Merger fever today. Fever tomorrow.

Here we go again.  The cyclic fads of health care are leading hospital boards and CEOs back into the merger game.  Stand-alone institutions are being acquired or are acquiring.  Single hospitals are becoming systems.  This is all driven by a belief that the payment system will change in a manner that will reward the ability of providers to manage the continuum of care, with a form of payment in which the risks of meeting some form of capitated annual budget will fall away from insurers and more to providers.

It is time for prudent people to ask whether mergers are the best way to set up health care systems that manage care under a capitated budget.  You've heard the arguments for this, of course.  Let me be the devil's advocate and offer some contrary views.  I'm going to put them in extreme form to make the points. If you like, you can tone them down a bit, but the underlying issues still arise.

1)  The people who run hospitals do not have the competence to run health care systems.  There is little in the training of people who have become CEOs of single hospitals to run groups of hospitals and associated physician practices.  By the time they (or their boards) figure out what they don't know, they have wasted millions and reduced the overall effectiveness of the component organizations within the system.

2)  There is no such thing as a merger. Every merger is a take-over of one institution by another.  "Cost savings" from this chimera are chimeras.*  A merger inevitably makes evident cultural differences and produces jealousies and alienation.  The business benefits that are supposed to emerge are often lost in the crush of overly aggressive and overly passive aggressive participants.

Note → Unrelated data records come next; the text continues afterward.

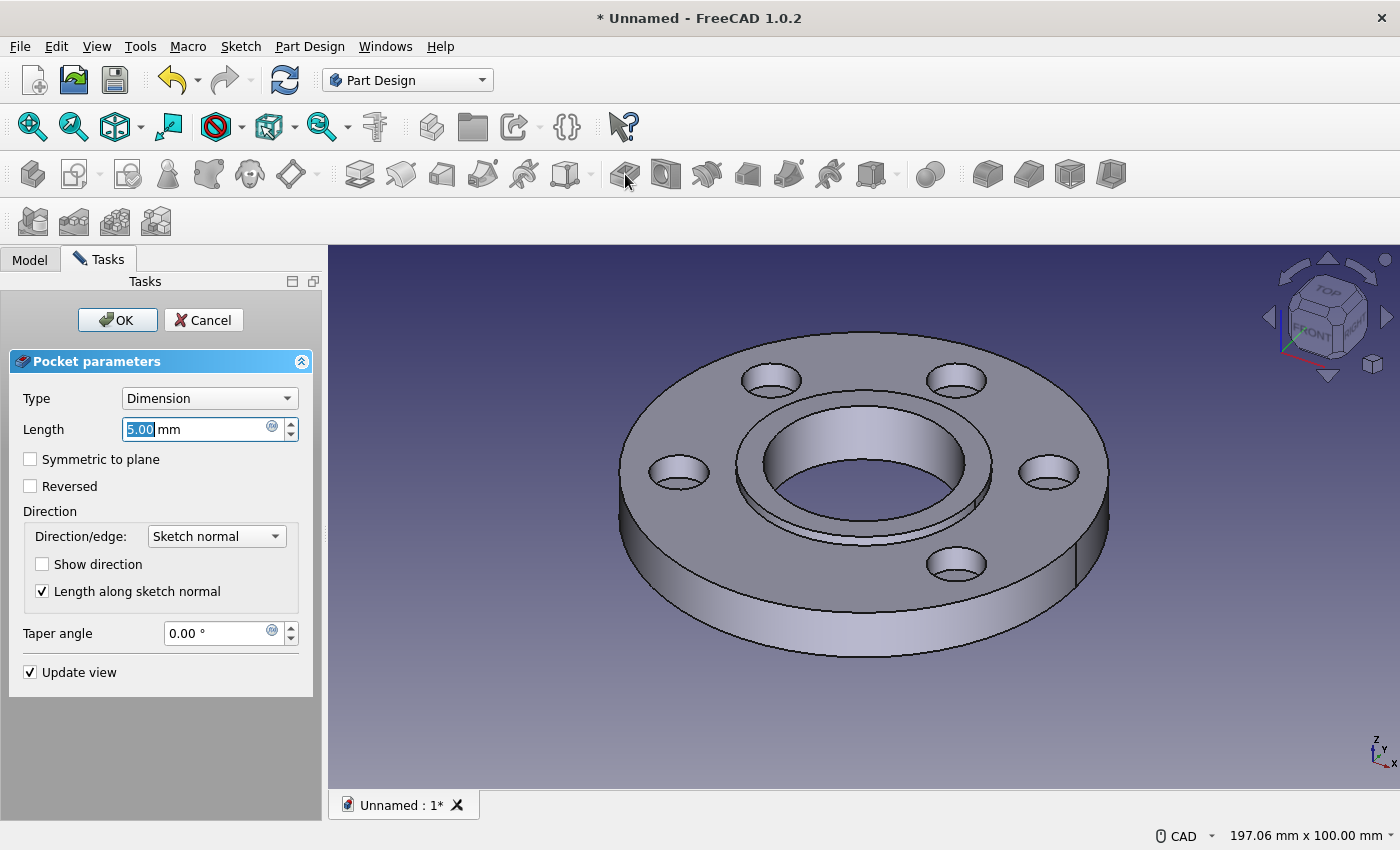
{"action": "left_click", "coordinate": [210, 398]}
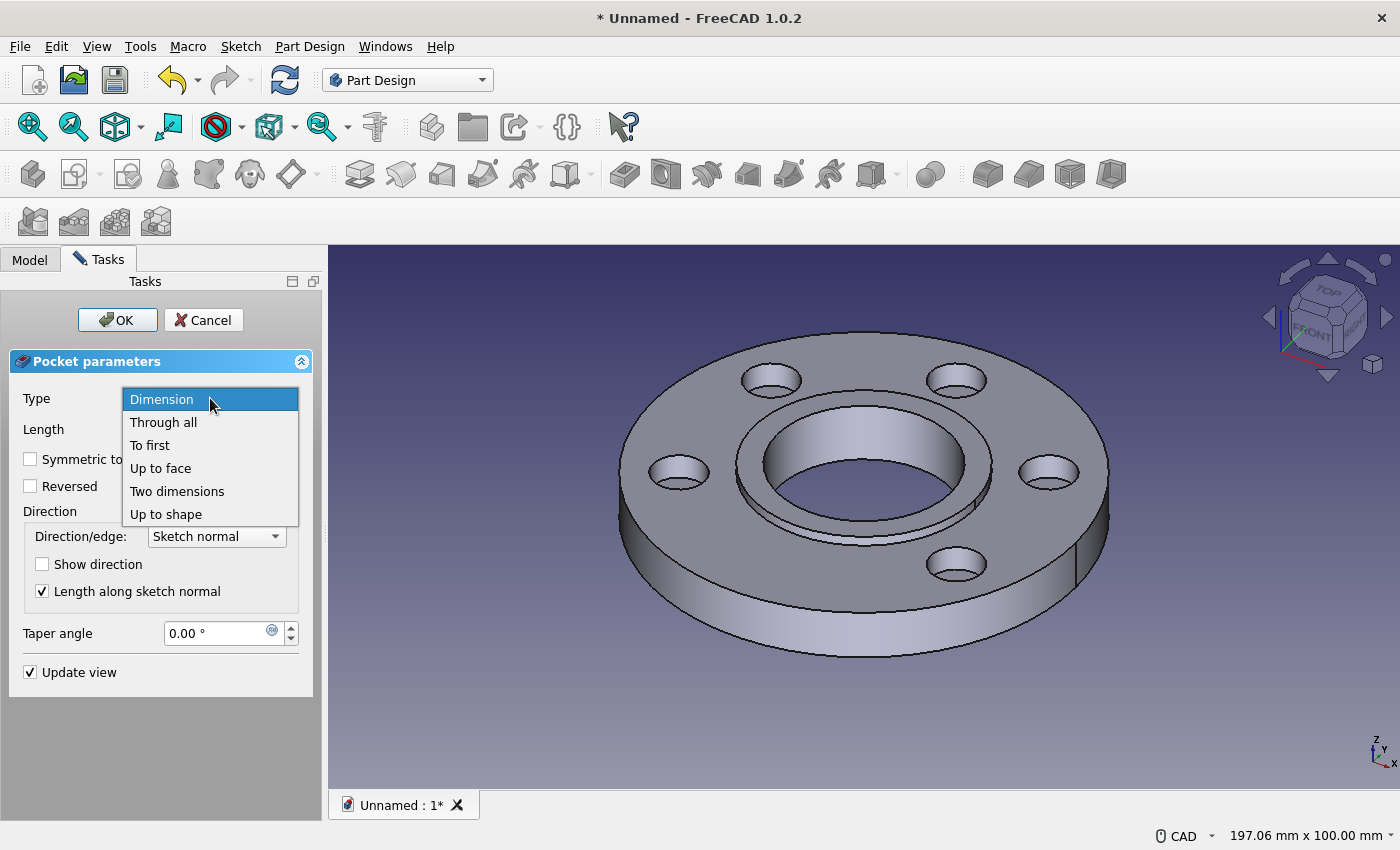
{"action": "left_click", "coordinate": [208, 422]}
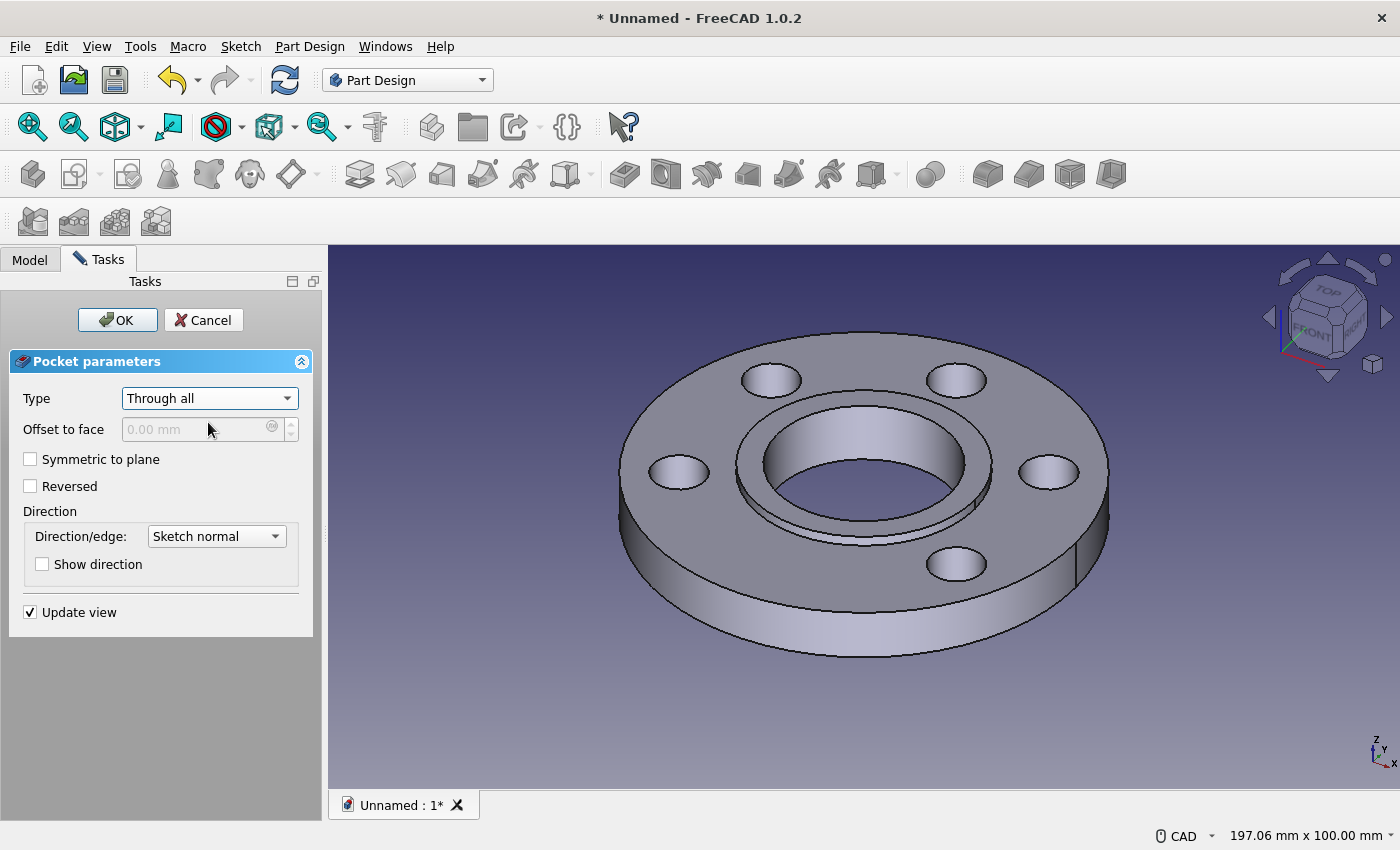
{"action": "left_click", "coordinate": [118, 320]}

McKinsey reports: "Anyone who has researched merger success rates knows that roughly 70 percent of mergers fail."  And they weren't just talking about hospitals!

3)  A merger offers little that cannot be accomplished by a strategic alliance between the parties.  In an alliance, you can still have the benefits of coordinated care and payment risk sharing.  You avoid, though, the cultural problems noted in number 2, above.  Indeed, you might be more successful achieving your common goals because each of your own constituencies feels a loyal commitment to success.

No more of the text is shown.